TASK DATA below:

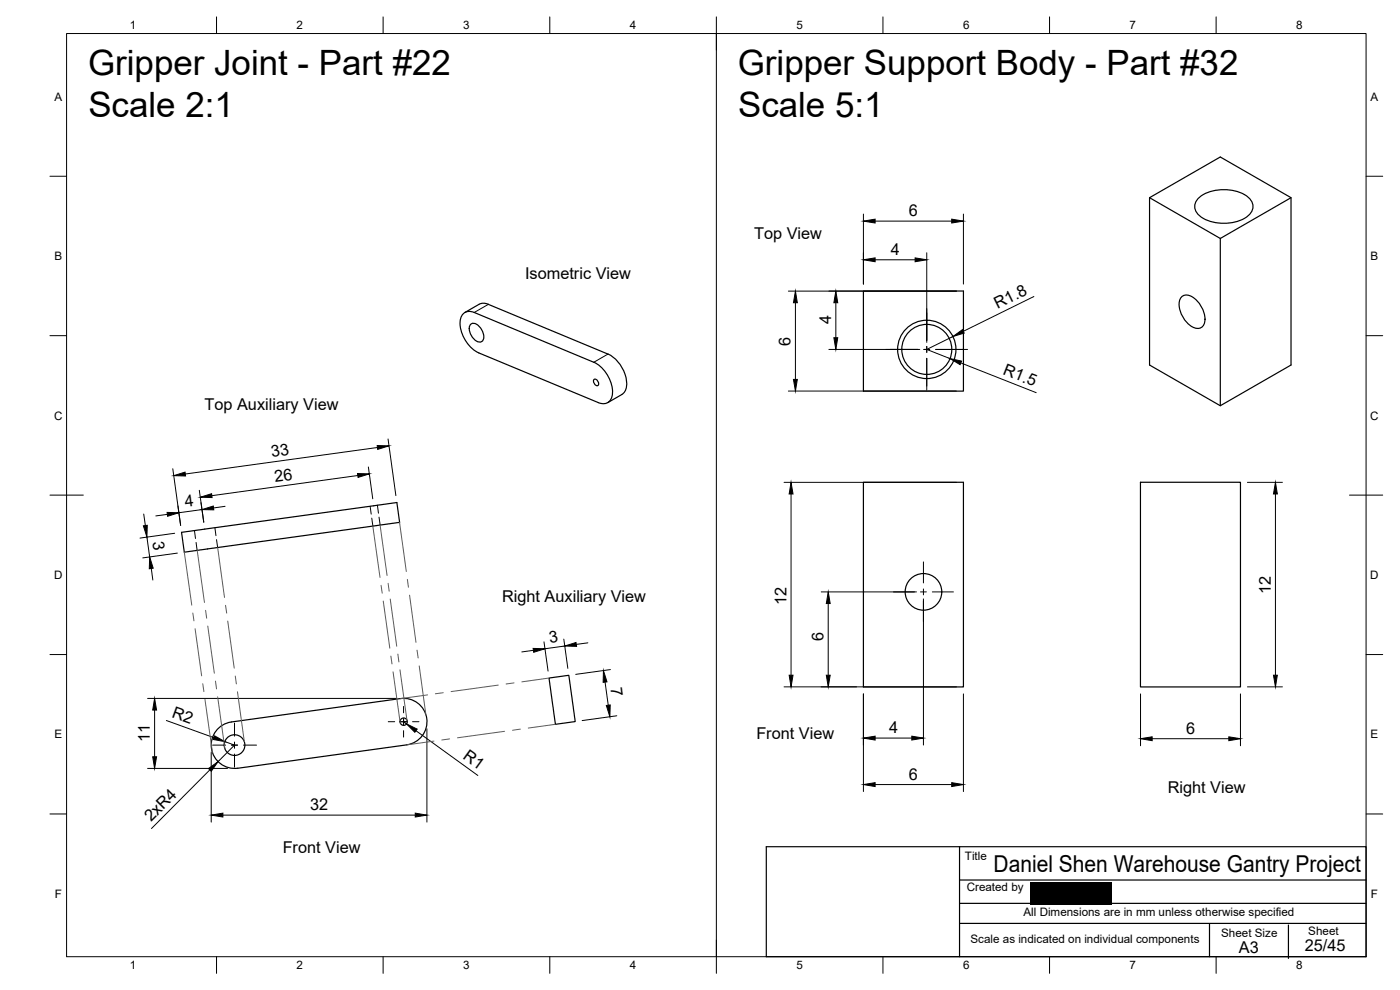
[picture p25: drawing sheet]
<svg xmlns="http://www.w3.org/2000/svg" width="420mm" height="297mm" viewBox="0 0 420 297" stroke-linecap="round" stroke-linejoin="round" font-family="sans-serif">
<defs><g id="words">
<g font-size="10.5">
<text x="26.4" y="22.6">Gripper Joint - Part #22</text>
<text x="221.4" y="22.6">Gripper Support Body - Part #32</text>
<text x="26.5" y="35.2">Scale 2:1</text>
<text x="221.5" y="35.2">Scale 5:1</text>
</g>
<text font-size="7" x="298.2" y="261.7">Daniel Shen Warehouse Gantry Project</text>
<g font-size="4.9">
<text x="272.8" y="64.9">6</text>
<text x="226.3" y="71.7">Top View</text>
<text x="267.4" y="76.5">4</text>
<text x="157.6" y="83.8">Isometric View</text>
<text x="299.3" y="92.8" transform="rotate(-26 299.3 92.8)">R1.8</text>
<text x="249.4" y="97.4" transform="rotate(-90 249.4 97.4)">4</text>
<text x="237.3" y="103.7" transform="rotate(-90 237.3 103.7)">6</text>
<text x="300.8" y="112.2" transform="rotate(22 300.8 112.2)">R1.5</text>
<text x="61.4" y="123">Top Auxiliary View</text>
<text x="81.6" y="137.2" transform="rotate(-8 81.6 137.2)">33</text>
<text x="82.6" y="144.6" transform="rotate(-8 82.6 144.6)">26</text>
<text x="55.7" y="152.2" transform="rotate(-8 55.7 152.2)">4</text>
<text x="45.8" y="162.6" transform="rotate(82 45.8 162.6)">3</text>
<text x="381.4" y="178.3" transform="rotate(-90 381.4 178.3)">12</text>
<text x="150.7" y="180.6">Right Auxiliary View</text>
<text x="236" y="181.5" transform="rotate(-90 236 181.5)">12</text>
<text x="165" y="193" transform="rotate(-8 165 193)">3</text>
<text x="247.1" y="192.3" transform="rotate(-90 247.1 192.3)">6</text>
<text x="183.3" y="206.6" transform="rotate(82 183.3 206.6)">7</text>
<text x="51.4" y="215.2" transform="rotate(20 51.4 215.2)">R2</text>
<text x="227" y="221.7">Front View</text>
<text x="266.9" y="220.1">4</text>
<text x="355.9" y="220.2">6</text>
<text x="45" y="222.6" transform="rotate(-90 45 222.6)">11</text>
<text x="138.7" y="227.6" transform="rotate(36 138.7 227.6)">R1</text>
<text x="272.8" y="233.9">6</text>
<text x="350.4" y="237.9">Right View</text>
<text x="93.1" y="243.1">32</text>
<text x="45.4" y="246.7" transform="rotate(-45 45.4 246.7)">2xR4</text>
<text x="84.8" y="255.9">Front View</text>
<text x="371.8" y="286">A3</text>
<text x="391.6" y="285.2">25/45</text>
</g>
<g font-size="3.5">
<text x="39" y="8.8">1</text>
<text x="89" y="8.8">2</text>
<text x="139" y="8.8">3</text>
<text x="189" y="8.8">4</text>
<text x="239" y="8.8">5</text>
<text x="289" y="8.8">6</text>
<text x="339" y="8.8">7</text>
<text x="389" y="8.8">8</text>
<text x="16.3" y="30.2">A</text>
<text x="411.3" y="30.2">A</text>
<text x="16.3" y="78">B</text>
<text x="411.3" y="78">B</text>
<text x="16.2" y="125.9">C</text>
<text x="411.2" y="125.9">C</text>
<text x="16.2" y="173.7">D</text>
<text x="411.2" y="173.7">D</text>
<text x="16.3" y="221.6">E</text>
<text x="411.3" y="221.6">E</text>
<text x="289.6" y="258">Title</text>
<text x="16.4" y="269.4">F</text>
<text x="290.1" y="267.3">Created by</text>
<text x="411.4" y="269.4">F</text>
<text x="307.2" y="274.9">All Dimensions are in mm unless otherwise specified</text>
<text x="366.5" y="281">Sheet Size</text>
<text x="392.6" y="280.7">Sheet</text>
<text x="291.3" y="282.8">Scale as indicated on individual components</text>
<text x="39" y="290.8">1</text>
<text x="89" y="290.8">2</text>
<text x="139" y="290.8">3</text>
<text x="189" y="290.8">4</text>
<text x="239" y="290.8">5</text>
<text x="289" y="290.8">6</text>
<text x="339" y="290.8">7</text>
<text x="389" y="290.8">8</text>
</g>
</g></defs>
<g fill="none" stroke="#000" stroke-width=".36">
<path d="M345 59.3l21.2-12.2 21.3 12.2v50.2l-21.3 12.2-21.2-12.2zM345 59.3l21.2 12.3 21.3-12.3M359.5 59.7a12.3 12.3 0 0 1 11.9-2.2 5.7 5.7 0 0 1 4.6 4.5 4.9 4.9 0 0 1-3.5 4 13.4 13.4 0 0 1-12.3-1.1 3.4 3.4 0 0 1-.7-5.2zM366.2 71.6v50.1M138.8 94.4a2.76 2.76 0 0 1 3.5-.6l35.9 14.9a10.3 10.3 0 0 1 5.5 10.1 2.77 2.77 0 0 1-4.1 2l-35.9-14.9a10.3 10.3 0 0 1-5.5-10.1zM141.1 97.4a1.86 1.86 0 0 1 2.9 .7l1 1.7a1.87 1.87 0 0 1-.9 2.8 4 4 0 0 1-3-5.2zM146.6 91.3l35.9 14.9a10.3 10.3 0 0 1 5.5 10.2 2.95 2.95 0 0 1-1.4 1.9M146.6 91.3l-1-.3-1.4 .1-4.7 2.7M259.1 87.3h30v30.1h-30zM354.5 89.2a2.8 2.8 0 0 1 4 .3 7.7 7.7 0 0 1 2.8 7.8 2.32 2.32 0 0 1-3.6 .7 7.9 7.9 0 0 1-3.5-8.3zM178.3 113.8a1.24 1.24 0 0 1 1.1 1.9 1.24 1.24 0 0 1-1.1-1.9zM186.6 118.4l-4.2 2.4"/>
<path d="M54.5 159.7l64.6-8.9 .8 5.9-64.5 9zM259.1 144.7h30v61.4h-30zM342.3 144.7h30v61.4h-30zM164.8 203.4l5.9-.8 1.9 13.9-5.9 .8zM122.1 223.5a7 7 0 0 0 6-7.9 7 7 0 0 0-7.9-6l-50.8 7a7 7 0 0 0-5.9 7.9 7 7 0 0 0 7.8 6l50.8-7M230 254h180v33h-180zM288 254v33M288 277.1h122M288 264h122M288 271h21.1M333.6 271h76.4M363 277.2v9.8"/>
<path d="M386.7 277.5v10.1"/>
<circle cx="278.1" cy="104.8" r="8.8"/>
<circle cx="278.1" cy="104.8" r="7.5"/>
<circle cx="277.1" cy="177.6" r="5.5"/>
<circle cx="121.2" cy="216.5" r="1.1"/>
<circle cx="70.4" cy="223.6" r="3.1"/>
</g>
<g fill="none" stroke="#000" stroke-width=".3">
<path d="M20 10.1h390v276.9h-390zM65 5.1v5M115 5.1v5M165 5.1v5M215 5.1v286.9M265 5.1v5M315 5.1v5M365 5.1v5M15 52.9h5M410 52.9h5M259.1 64.2v21M262.6 66.3h23"/>
<path d="M262.6 77.9h12M278.1 75.8v26.9M289.1 64.2v21M146.6 91.3l-4.3 2.5M236.6 87.3h50.4M238.7 90.8v23M250.8 90.8v10.5M310.3 89l-21.2 10.4M15 100.7h5M182.5 106.2l-4.3 2.5M236.6 117.3h50.4M248.8 104.8h27.2"/>
<path d="M277.2 104.8h1.8M278.1 103.9v1.8M278.1 107.5v9.6M280.8 104.8h9.6M286 101l-7.9 3.8 7 2.8M288.4 108.9l22.6 8.9M410 100.7h5M113.3 134.3l-57.7 7.9M116.5 131.7l2.3 17M15 148.6h10M43.1 154.2l.5 3.5M50.2 154.3l-3.4 .5"/>
<path d="M51.9 140.6l2.3 17-.8-5.8M58.4 159.2l.3 2.4M59.8 147.1l1.4 9.6M60.6 152.9l-6.9 .9M64.5 158.3l.3 2.4M67.5 151.9l-3.4 .5M107.4 142.7l-43.8 6M110.6 140.1l1.3 9.6M111.1 151.9l.3 2.4M111.6 155.5l.3 2.3M113.3 151.6l.3 2.4M113.7 155.2l.4 2.4"/>
<path d="M235.3 144.7h51.7M237.4 148.2v54.4M374.4 144.7h10.5M382.8 148.2v54.4M405 148.6h10M44.1 161.1l.8 6M45.4 170.6l.5 3.4M52.4 160l-10.4 1.4M53.2 166l-10.4 1.4M58.8 162.8l.4 2.3M65 161.9l.3 2.4M246.5 177.6h28.5"/>
<path d="M276.2 177.6h1.8M277.1 168.6v6.3M277.1 176.7v1.8M277.1 179.7v43.8M279.8 177.6h6.3M15 196.4h5M160.1 195.1l-3.5 .5M163.3 192.6l1.2 8.8M169.2 191.8l1.2 8.7M169.5 193.8l-5.9 .9M176.4 192.9l-3.4 .4M248.6 181.1v21.5"/>
<path d="M410 196.4h5M44.3 209.6h74.7M46.4 213v14.1M49.9 216.2l14.3 5.1M70.4 217v3.9M116.5 216.5h1.9M120.2 216.5h1.8M121.1 211.9v2M121.1 215.7v1.8M121.1 219.2v2M121.1 216.5l.9 .7M123.8 216.5h1.9"/>
<path d="M124.8 219.3l18.6 13.4M128.1 218.7v28M181.6 204.6l.9 7M183.2 200.9l-10.4 1.4M185.1 214.8l-10.4 1.4M235.3 206.1h51.7M259.1 208.2v29.3M289.1 208.2v29.3M342.3 208.2v15.6M372.3 208.2v15.6M374.4 206.1h10.5M44.3 230.6h24"/>
<path d="M63 231l-17.5 17.6M63.4 225.7v21M63.8 223.6h3.9M67.5 222.5l2.9 1.1-5 4.9M69.5 223.6h1.8M70.4 222.7v1.8M70.4 226.2v4M73.1 223.6h3.9M262.6 235.4h23M262.6 221.5h11M345.8 221.6h23M15 244.2h5"/>
<path d="M66.9 244.6h57.7M410 244.2h5M65 287v5M115 287v5M165 287v5M265 287v5M315 287v5M365 287v5"/>
</g>
<g fill="#000" stroke="#000" stroke-width=".3">
<path d="M259.1 66.3l3.5-.5v1.1zM259.1 77.9l3.5-.5v1.1zM274.6 77.4l3.5 .5-3.5 .6zM285.6 65.8l3.5 .5-3.5 .6zM238.7 87.3l.6 3.5h-1.2zM250.8 87.3l.6 3.5h-1.1zM286 101l2.9-2.1 .5 1zM238.1 113.8h1.2l-.6 3.5zM250.3 101.3h1.1l-.6 3.5zM285.1 107.6l3.5 .7-.5 1.1zM113.2 133.7l3.5 .1-3.4 1zM43 157.8l1.2-.2-.1 3.5z"/>
<path d="M50.1 153.7l3.6 .1-3.4 1.1zM52.2 142.7l3.3-1 .2 1.1zM60.1 149.2l3.4-1.1 .1 1.2zM60.6 152.9l3.4-1.1 .2 1.2zM107.3 142.1l3.5 .1-3.3 1zM237.4 144.7l.6 3.5h-1.2zM382.8 144.7l.5 3.5h-1.1zM44.9 167.1l1.1 3.4-1.2 .2zM160 194.5l3.6 .2-3.4 1zM169.5 193.8l3.4-1 .1 1.1zM248.6 177.6l.6 3.5h-1.2zM46.4 209.6l.6 3.4h-1.2z"/>
<path d="M122 217.2l3.2 1.6-.7 .9zM181.1 201.2l1.1 3.4-1.2 .1zM182 211.7l1.1-.2-.1 3.6zM236.8 202.6h1.2l-.6 3.5zM248 202.6h1.2l-.6 3.5zM382.2 202.6h1.1l-.5 3.5zM45.8 227.1h1.2l-.6 3.5zM62.6 230.6l2.8-2.1-2 2.9zM64.4 220.8l3.1 1.7-3.5-.6zM259.1 235.4l3.5-.6v1.2zM259.1 221.5l3.5-.6v1.1zM273.6 220.9l3.5 .6-3.5 .5z"/>
<path d="M285.6 234.8l3.5 .6-3.5 .6zM342.3 221.6l3.5-.5v1.1zM368.8 221.1l3.5 .5-3.5 .6zM63.4 244.6l3.5-.6v1.1zM124.6 244l3.5 .6-3.5 .5z"/>
</g>
<g fill="none" stroke="#5a5a5a" stroke-width=".3">
<path d="M111.9 157.8l2.1 15.5M114.1 157.5l2.1 15.2M119.9 156.7l2 14.8M55.3 165.7l2.3 15.9M59.2 165.1l2.2 15.7M65.3 164.3l2.1 14.9M114.4 175.6l.3 2.4M116.5 175l.3 2.4M117.1 179.7l2 14.2M122.3 173.8l.3 2.4M122.9 178.6l1.9 14.1M57.9 183.9l.3 2.4"/>
<path d="M58.5 188.6l2 14.2M61.7 183.1l.3 2.4M62.4 187.8l1.9 14.2M67.7 181.6l.3 2.4M68.3 186.3l2 14.2M115 180.3l2 14.2M117.3 196.9l.3 2.3M119.4 196.2l.3 2.4M125.2 195.1l.3 2.3M125.8 199.8l2 14.8M60.9 205.2l.3 2.3M61.5 209.9l2.3 15.9"/>
<path d="M64.7 204.4l.3 2.3M65.3 209.1l2.2 15.6M70.6 202.8l.3 2.4M71.3 207.6l2 14.9M118 201.6l2.1 15.4M120 201l2.1 15.1M128.3 208.5l-8.1 1.1M133 207.8l-2.3 .4M149.5 205.6l-14.1 1.9M151.4 219.4l-14.1 2M154.3 204.9l-2.4 .3M156.2 218.8l-2.4 .3"/>
<path d="M164.8 203.4l-8.2 1.2M166.7 217.3l-8.2 1.1M130.2 222.4l-8.1 1.1M134.9 221.7l-2.3 .3"/>
</g>
<path d="M309.1 264.6h24.5v6.7h-24.5z" fill-rule="evenodd" fill="#000"/>
<use href="#words"/>
</svg>

End of TASK DATA.

For the string "Gripper", find every line of the material that contains it, and copy each one.

<text x="26.4" y="22.6">Gripper Joint - Part #22</text>
<text x="221.4" y="22.6">Gripper Support Body - Part #32</text>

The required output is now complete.